===== Data for this task
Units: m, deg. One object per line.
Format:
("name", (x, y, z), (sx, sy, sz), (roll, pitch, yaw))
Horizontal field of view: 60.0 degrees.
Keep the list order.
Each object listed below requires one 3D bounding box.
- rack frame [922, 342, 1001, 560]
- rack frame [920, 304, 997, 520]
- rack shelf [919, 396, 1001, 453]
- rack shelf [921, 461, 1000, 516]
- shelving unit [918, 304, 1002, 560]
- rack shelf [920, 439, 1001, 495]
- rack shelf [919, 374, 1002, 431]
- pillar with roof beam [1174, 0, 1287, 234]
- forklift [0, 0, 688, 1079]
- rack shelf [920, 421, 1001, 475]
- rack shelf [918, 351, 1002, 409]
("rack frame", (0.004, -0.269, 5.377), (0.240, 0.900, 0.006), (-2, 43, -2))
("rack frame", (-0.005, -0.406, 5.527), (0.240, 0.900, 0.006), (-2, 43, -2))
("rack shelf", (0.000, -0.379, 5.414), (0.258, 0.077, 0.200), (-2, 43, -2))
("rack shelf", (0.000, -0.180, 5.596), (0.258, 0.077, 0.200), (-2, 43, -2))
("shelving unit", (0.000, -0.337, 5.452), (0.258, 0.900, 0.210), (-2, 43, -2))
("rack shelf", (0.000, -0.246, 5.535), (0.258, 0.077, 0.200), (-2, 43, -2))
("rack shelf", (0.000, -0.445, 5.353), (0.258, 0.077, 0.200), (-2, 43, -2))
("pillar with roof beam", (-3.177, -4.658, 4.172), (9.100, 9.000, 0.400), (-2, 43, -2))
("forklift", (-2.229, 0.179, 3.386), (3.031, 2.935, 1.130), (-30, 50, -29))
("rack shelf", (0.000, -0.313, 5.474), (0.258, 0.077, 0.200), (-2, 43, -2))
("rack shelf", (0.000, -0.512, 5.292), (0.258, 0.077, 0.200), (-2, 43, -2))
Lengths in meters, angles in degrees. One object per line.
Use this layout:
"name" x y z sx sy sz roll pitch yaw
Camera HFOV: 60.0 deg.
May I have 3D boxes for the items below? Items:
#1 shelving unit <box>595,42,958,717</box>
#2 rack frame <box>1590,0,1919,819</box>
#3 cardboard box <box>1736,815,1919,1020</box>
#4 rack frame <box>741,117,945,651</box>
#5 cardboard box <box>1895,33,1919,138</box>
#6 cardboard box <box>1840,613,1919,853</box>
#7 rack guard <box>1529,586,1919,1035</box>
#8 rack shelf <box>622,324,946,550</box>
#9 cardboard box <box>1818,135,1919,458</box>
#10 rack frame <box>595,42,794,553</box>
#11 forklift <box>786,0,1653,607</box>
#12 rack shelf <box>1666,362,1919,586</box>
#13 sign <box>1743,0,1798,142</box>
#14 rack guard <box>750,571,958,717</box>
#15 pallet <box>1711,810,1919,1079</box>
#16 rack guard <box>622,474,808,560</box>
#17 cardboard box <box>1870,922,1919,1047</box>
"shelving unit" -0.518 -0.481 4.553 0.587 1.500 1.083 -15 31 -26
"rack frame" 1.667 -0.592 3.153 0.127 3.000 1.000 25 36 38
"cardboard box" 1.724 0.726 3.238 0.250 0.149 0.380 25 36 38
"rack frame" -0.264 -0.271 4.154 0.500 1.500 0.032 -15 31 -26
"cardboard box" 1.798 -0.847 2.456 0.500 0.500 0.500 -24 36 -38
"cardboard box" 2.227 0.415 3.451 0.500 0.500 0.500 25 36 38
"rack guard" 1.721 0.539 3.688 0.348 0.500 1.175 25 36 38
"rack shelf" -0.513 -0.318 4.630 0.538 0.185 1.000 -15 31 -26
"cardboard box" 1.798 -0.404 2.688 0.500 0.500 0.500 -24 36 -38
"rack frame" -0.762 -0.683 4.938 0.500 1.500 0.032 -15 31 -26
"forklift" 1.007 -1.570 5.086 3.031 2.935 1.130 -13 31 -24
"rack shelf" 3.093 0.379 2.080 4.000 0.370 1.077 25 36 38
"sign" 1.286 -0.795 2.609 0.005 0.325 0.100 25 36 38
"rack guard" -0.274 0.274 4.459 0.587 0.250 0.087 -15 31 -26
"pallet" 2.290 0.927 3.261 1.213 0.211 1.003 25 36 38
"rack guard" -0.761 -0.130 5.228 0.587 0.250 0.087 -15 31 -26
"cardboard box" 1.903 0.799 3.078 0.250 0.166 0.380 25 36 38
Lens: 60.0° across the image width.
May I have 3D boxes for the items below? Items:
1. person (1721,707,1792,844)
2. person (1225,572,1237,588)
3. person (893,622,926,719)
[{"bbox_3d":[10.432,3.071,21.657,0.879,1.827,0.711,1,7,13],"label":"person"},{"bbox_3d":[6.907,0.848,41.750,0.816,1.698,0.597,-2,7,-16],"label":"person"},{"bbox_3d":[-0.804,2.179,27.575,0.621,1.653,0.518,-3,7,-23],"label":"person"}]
==========
# Action item
Wherever a line of the data above contains "object", copy that line.

# Answer area
Units: m, deg. One object per line.
Each object listed below requires one 3D bounding box.
Lengths in meters, angles in degrees. One object per line.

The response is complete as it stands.